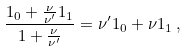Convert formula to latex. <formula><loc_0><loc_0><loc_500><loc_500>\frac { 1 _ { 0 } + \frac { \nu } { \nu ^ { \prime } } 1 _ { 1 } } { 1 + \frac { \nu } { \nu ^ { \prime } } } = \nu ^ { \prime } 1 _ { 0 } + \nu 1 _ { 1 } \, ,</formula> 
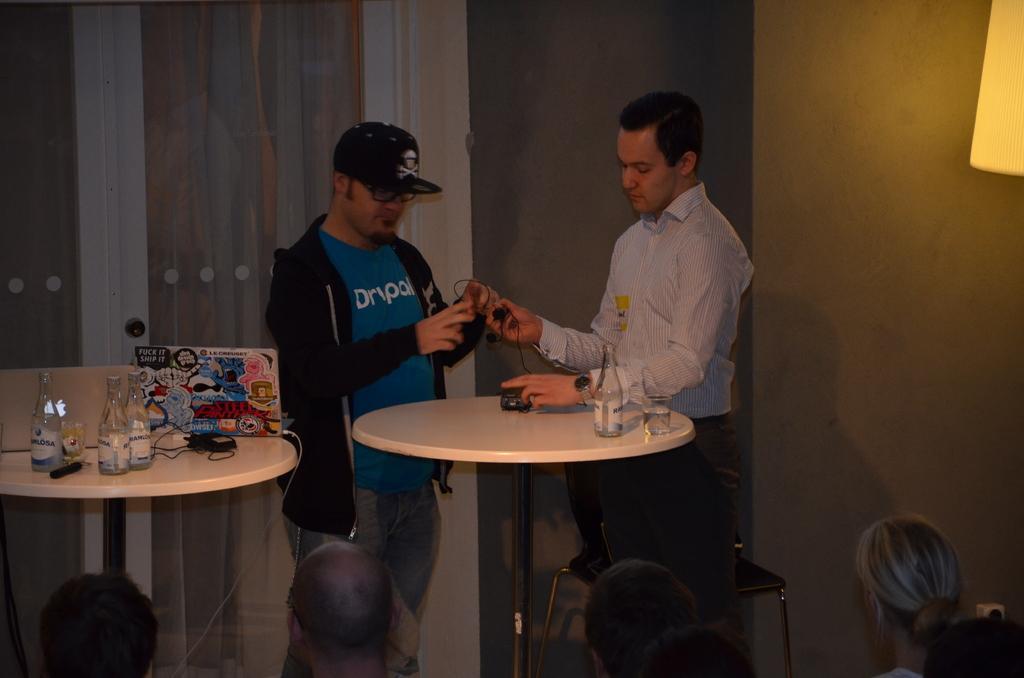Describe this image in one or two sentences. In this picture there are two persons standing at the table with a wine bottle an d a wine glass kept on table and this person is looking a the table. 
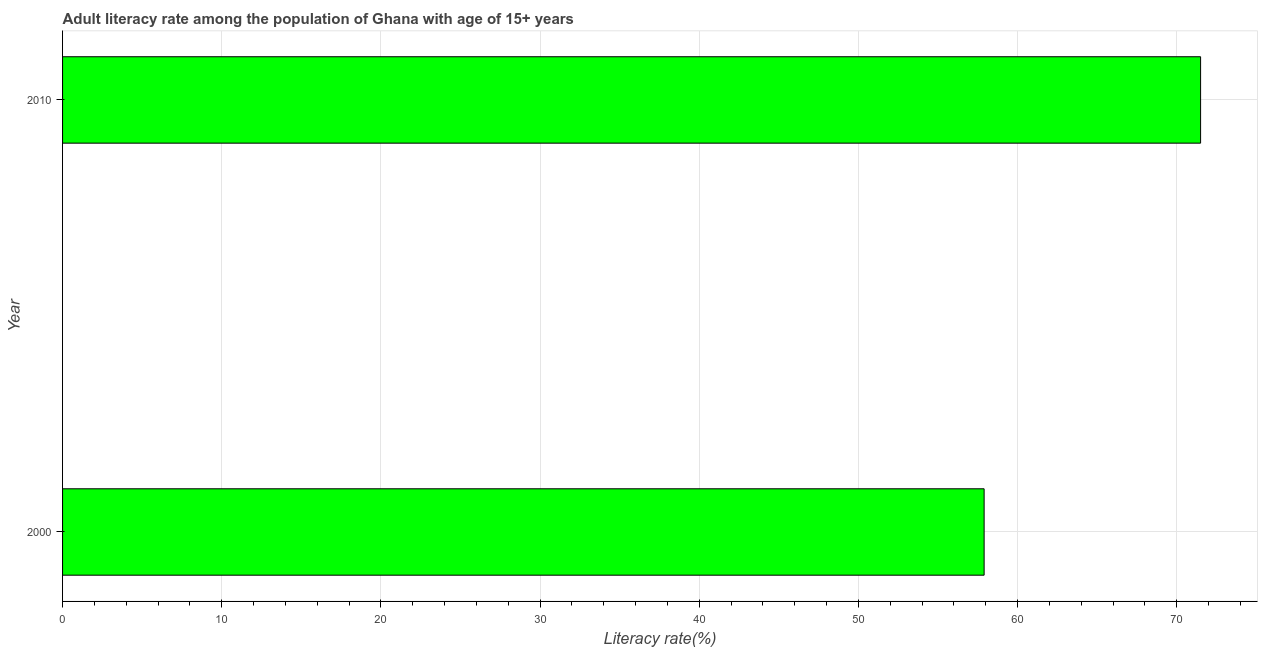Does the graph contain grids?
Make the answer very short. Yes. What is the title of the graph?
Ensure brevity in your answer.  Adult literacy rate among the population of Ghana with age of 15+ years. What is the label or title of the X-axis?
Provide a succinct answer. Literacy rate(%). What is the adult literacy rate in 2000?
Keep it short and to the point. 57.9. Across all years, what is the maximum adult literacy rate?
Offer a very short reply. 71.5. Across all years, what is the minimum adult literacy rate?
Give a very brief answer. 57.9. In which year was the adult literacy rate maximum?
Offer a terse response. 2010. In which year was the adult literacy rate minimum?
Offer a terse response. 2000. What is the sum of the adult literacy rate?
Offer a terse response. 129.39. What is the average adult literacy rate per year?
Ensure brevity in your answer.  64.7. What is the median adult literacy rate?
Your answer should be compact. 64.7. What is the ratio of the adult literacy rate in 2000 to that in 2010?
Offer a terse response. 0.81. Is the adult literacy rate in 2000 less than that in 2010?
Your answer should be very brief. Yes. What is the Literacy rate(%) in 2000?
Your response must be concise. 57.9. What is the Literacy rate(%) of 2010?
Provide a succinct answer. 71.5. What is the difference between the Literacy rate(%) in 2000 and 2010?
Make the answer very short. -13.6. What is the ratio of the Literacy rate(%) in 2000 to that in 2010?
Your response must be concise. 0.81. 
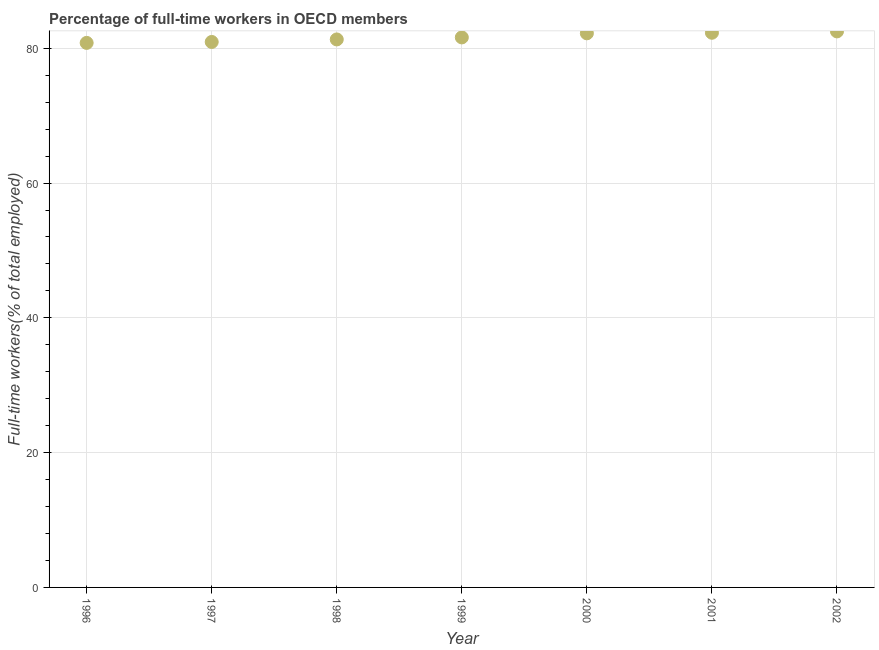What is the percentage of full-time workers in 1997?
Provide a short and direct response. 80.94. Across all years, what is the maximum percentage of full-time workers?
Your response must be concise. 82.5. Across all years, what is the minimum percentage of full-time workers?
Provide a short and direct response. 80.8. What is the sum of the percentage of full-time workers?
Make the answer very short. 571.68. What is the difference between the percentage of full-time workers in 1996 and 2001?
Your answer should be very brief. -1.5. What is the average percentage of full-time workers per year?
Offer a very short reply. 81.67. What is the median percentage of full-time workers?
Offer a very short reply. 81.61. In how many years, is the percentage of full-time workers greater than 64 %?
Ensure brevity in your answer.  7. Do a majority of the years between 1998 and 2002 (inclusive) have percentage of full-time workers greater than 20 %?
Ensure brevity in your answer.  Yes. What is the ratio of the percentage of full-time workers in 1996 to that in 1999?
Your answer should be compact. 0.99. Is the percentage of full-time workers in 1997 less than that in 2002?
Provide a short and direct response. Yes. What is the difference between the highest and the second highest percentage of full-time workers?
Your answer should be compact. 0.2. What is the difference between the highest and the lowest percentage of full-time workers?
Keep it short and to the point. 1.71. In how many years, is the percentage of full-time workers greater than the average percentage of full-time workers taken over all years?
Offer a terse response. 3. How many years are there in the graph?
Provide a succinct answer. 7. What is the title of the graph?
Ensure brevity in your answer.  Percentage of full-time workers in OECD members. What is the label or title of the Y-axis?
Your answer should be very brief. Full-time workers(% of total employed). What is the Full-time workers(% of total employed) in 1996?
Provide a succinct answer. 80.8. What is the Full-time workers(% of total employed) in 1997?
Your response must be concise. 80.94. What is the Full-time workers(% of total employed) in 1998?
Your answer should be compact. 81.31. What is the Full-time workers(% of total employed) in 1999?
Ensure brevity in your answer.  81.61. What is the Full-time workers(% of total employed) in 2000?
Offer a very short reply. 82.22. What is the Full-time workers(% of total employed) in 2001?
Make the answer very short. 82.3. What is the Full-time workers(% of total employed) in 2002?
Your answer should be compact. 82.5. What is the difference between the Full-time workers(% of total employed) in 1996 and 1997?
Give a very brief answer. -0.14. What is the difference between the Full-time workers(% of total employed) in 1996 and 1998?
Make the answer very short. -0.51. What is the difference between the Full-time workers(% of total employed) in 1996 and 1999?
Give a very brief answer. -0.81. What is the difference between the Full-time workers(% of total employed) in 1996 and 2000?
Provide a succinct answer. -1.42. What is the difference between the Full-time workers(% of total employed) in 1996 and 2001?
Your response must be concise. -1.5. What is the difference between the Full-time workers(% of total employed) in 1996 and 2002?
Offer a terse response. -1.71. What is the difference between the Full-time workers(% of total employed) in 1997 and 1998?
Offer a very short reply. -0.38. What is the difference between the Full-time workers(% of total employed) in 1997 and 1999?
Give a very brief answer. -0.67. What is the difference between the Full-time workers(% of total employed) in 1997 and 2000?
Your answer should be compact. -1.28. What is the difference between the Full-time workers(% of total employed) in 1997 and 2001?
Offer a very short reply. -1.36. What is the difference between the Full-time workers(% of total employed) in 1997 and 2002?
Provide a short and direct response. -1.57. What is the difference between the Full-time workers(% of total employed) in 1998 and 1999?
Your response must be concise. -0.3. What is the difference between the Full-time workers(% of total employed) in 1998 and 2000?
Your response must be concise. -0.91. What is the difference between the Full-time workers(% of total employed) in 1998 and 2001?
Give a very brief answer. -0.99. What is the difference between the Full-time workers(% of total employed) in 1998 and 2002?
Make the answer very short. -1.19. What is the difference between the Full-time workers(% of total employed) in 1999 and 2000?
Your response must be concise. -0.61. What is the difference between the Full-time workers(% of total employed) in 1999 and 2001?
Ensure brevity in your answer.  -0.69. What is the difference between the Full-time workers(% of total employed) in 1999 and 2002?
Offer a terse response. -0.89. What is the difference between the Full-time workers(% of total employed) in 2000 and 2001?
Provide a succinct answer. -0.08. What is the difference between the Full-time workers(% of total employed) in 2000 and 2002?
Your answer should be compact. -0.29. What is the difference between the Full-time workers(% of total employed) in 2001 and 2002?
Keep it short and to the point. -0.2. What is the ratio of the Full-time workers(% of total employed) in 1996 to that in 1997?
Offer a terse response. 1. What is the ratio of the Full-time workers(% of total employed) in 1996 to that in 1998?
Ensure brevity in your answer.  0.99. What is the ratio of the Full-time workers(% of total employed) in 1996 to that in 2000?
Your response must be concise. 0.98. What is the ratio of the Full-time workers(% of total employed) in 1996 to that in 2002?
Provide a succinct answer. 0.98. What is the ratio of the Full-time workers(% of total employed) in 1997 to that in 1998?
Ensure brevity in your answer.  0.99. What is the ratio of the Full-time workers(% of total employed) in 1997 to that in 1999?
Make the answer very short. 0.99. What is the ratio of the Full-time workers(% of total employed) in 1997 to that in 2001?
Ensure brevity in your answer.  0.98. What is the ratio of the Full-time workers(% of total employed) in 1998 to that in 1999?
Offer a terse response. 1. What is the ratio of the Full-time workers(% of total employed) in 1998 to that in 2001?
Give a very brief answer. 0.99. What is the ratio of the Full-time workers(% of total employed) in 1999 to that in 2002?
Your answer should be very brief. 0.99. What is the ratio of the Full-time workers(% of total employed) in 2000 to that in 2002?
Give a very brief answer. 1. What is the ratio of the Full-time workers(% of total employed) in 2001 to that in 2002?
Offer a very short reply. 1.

[How to complete this task]
Transcribe, from the records above, the first line and every line after it up to and including the line with "Offer a terse response. 129.39."; omit pictures.

[Reply]
Convert formula to latex. <formula><loc_0><loc_0><loc_500><loc_500>\frac { 1 _ { 0 } + \frac { \nu } { \nu ^ { \prime } } 1 _ { 1 } } { 1 + \frac { \nu } { \nu ^ { \prime } } } = \nu ^ { \prime } 1 _ { 0 } + \nu 1 _ { 1 } \, ,</formula> 
Describe this image in one or two sentences. In this picture there are two persons standing at the table with a wine bottle an d a wine glass kept on table and this person is looking a the table. 
Does the graph contain grids?
Make the answer very short. Yes. What is the title of the graph?
Ensure brevity in your answer.  Adult literacy rate among the population of Ghana with age of 15+ years. What is the label or title of the X-axis?
Provide a succinct answer. Literacy rate(%). What is the adult literacy rate in 2000?
Keep it short and to the point. 57.9. Across all years, what is the maximum adult literacy rate?
Offer a very short reply. 71.5. Across all years, what is the minimum adult literacy rate?
Give a very brief answer. 57.9. In which year was the adult literacy rate maximum?
Offer a terse response. 2010. In which year was the adult literacy rate minimum?
Offer a terse response. 2000. What is the sum of the adult literacy rate?
Offer a terse response. 129.39. What is the average adult literacy rate per year?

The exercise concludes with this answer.